Ainsi, les lecteurs du quotidien économique Les Echos ont eu la surprise de découvrir mardi matin en page 7 un appel à la mobilisation en faveur de l’usine Technicolor. Rappelant tous les atouts de la région en matière d’industrie électronique, la publicité pose la question suivante : "Alors pourquoi ? Pourquoi Technicolor délocalise-t-il ?"

"Que ce grand groupe ait un comportement citoyen"

Si l’élu local est si vindicatif, c’est parce qu’il sait que sa région dispose d’une solide expertise en matière d’industrie électronique. Jacques Auxiette a notamment insisté sur les "compétences industrielles très, très fortes : plus de 400 entreprises existent dans le secteur de l’électronique autour d’Angers, avec des écoles d’ingénieurs".

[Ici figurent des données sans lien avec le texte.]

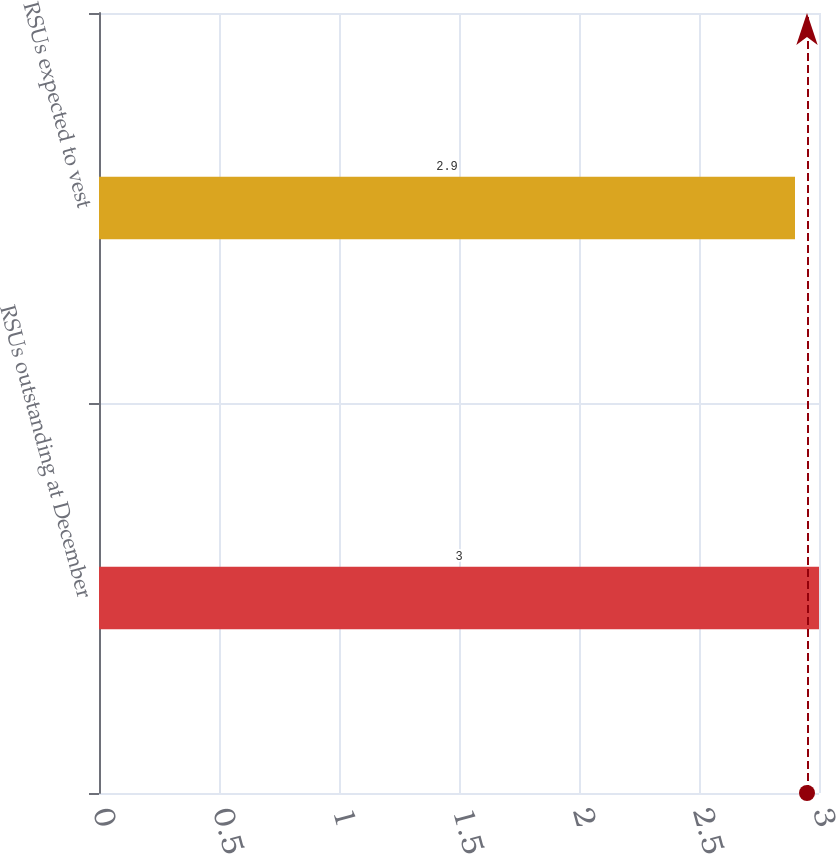Convert chart to OTSL. <chart><loc_0><loc_0><loc_500><loc_500><bar_chart><fcel>RSUs outstanding at December<fcel>RSUs expected to vest<nl><fcel>3<fcel>2.9<nl></chart>

Le site d’Angers ayant à ses yeux un avenir, la région demande donc à Technicolor de l’aider à se relancer. "Ce que nous disons, à travers cette déclaration, c’est qu’il est absolument nécessaire que la ré-industrialisation sur ce site soit accompagnée par ce grand groupe international", a commenté Jacques Auxiette, avant d’estimer "que l’organisation de la faillite de l’entreprise, qu’il laisse avec 350 salariés sur le carreau, est inadmissible alors qu’il existe des solutions".

Et le président du conseil régional des Pays de la Loire d’ajouter : "il faudrait tout simplement que ce grand groupe ait un comportement qu’on peut qualifier de ‘citoyen’ : c’est-à-dire prépare la transition, la ré-industrialisation en confiant aux repreneurs une charge, certes modeste, mais qui permette de faire cette transition".